Marina, Mare Nostrum: sale a 22 il numero di scafisti assicurati alla giustizia

mare-nostrumRoma, 26 gen – Il primo caso destò scalpore per la dinamica che portò all’arresto, in un colpo solo, di 16 persone tutte responsabili del reato associativo di favoreggiamento all’immigrazione clandestina avvenuto nel mese di novembre, al largo di Capo Passero ove è stata localizzata una nave madre con a rimorchio una imbarcazione carica di migranti. L’ultimo caso invece quello concretizzatosi dopo il soccorso di 205 migranti effettuato il 22 gennaio scorso da Nave Zeffiro e poi trasportati a terra ad Augusta da Nave Libra.

Ogni fermo si è reso possibile grazie all’attività di Polizia Giudiziaria e di raccolta di informazioni a bordo delle Navi della Marina Militare e di ulteriori indagini portate avanti dalle Procure interessate dagli eventi.
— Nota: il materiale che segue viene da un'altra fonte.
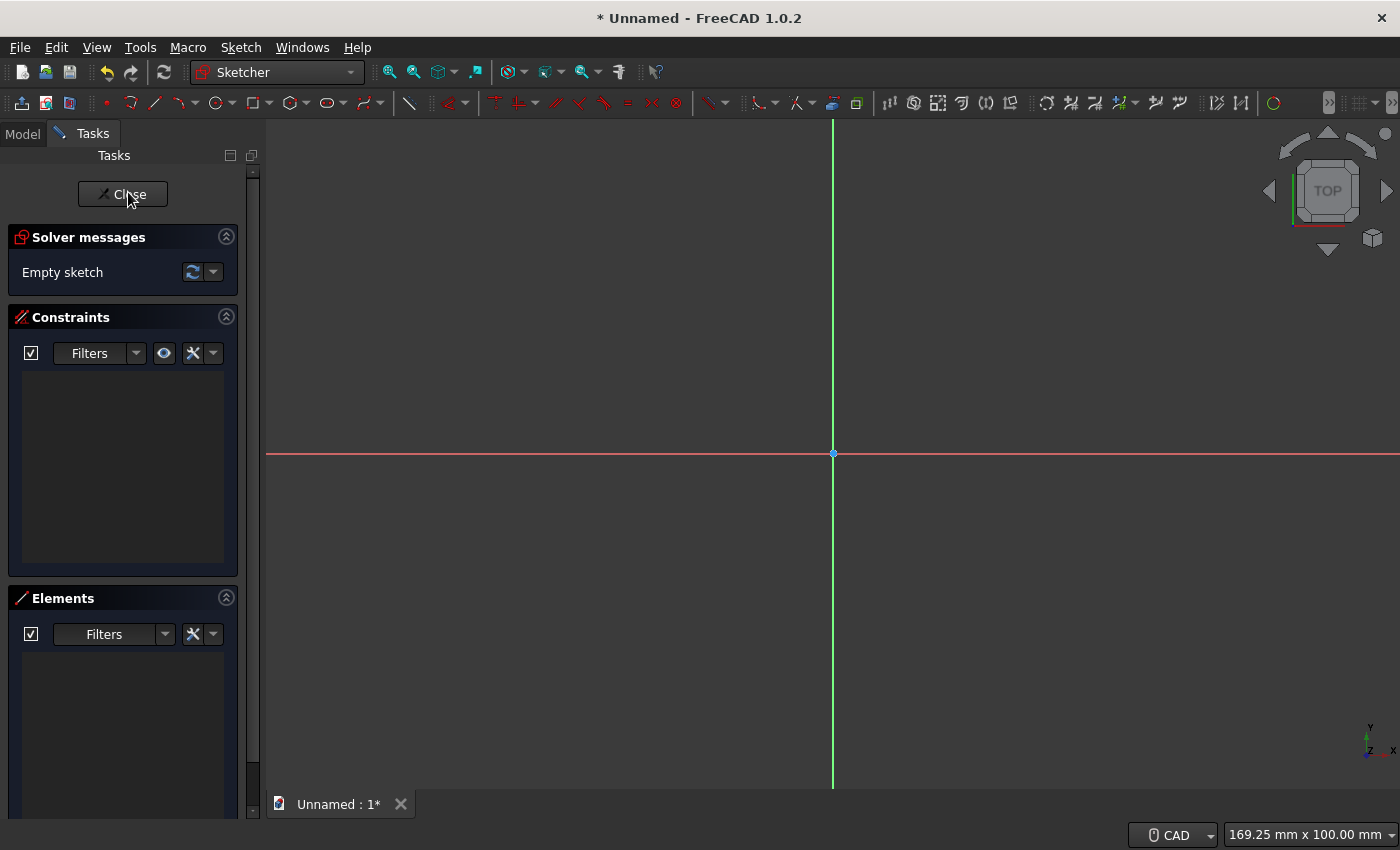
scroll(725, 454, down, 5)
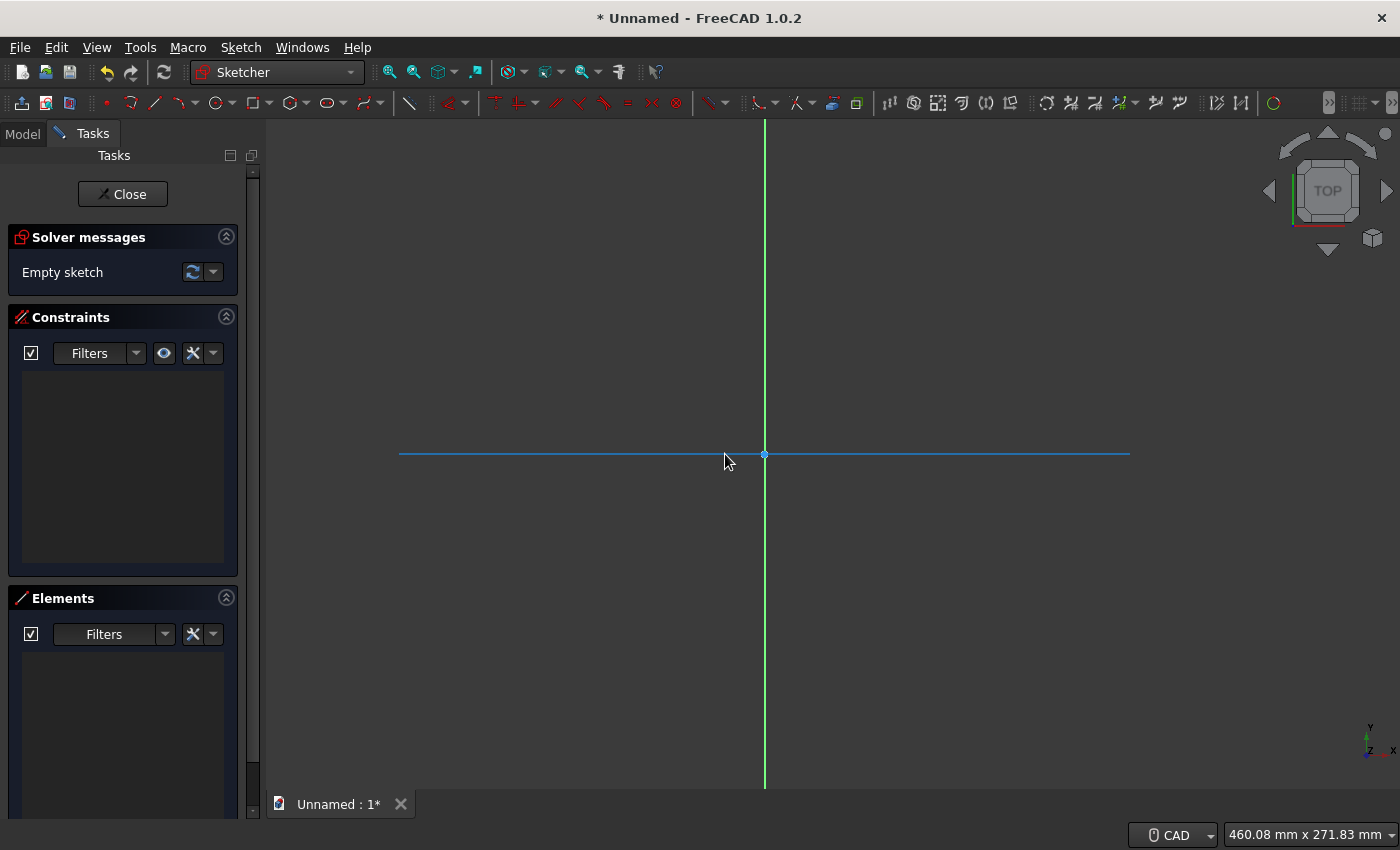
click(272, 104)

Nell’ultimo caso di soccorso, appunto quello del 22 gennaio che ha coinvolto le Unità della Marina Militare, Nave Zeffiro e Nave Libra, a conclusione dell’attività di Polizia Giudiziaria, avviata dal personale militare a bordo di Nave Zeffiro e successivamente intrapresa, sin dal momento dell’approdo ad Augusta di Nave Libra, dal Responsabile del Gruppo Interforze per il Contrasto all’Immigrazione Clandestina (GICIC) presso la Procura della Repubblica di Siracusa, in costante raccordo con lo stesso Sostituto Procuratore, il Dott. Nicastro, coadiuvato dal personale dellaPolizia di Stato della task force del Ministero dell’Interno, della Guardia Costiera di Augusta e dell’Arma dei Carabinieri di Cassibile e sulla scorta degli atti di Polizia giudiziaria redatti dai militari della Marina Militare di nave Zeffiro e delle informazioni pervenute dal team di PS a bordo di nave San Marco, si è giunti all’individuazione e successivo fermo di due scafisti, un tunisino ed un marocchino, responsabili del reato di favoreggiamento all’immigrazione clandestina per aver condotto, dalla Libia all’Italia, migranti a bordo di un barcone fatiscente.

I due soggetti – indagati – sono stati ristretti presso la casa circondariale di Siracusa. Entrambi i fermati sono stati trovati in possesso di una cospicua somma di denaro, in particolare dollari di grosso taglio. Uno dei due era già noto alle forze dell’ordine per precedenti ingressi in Italia.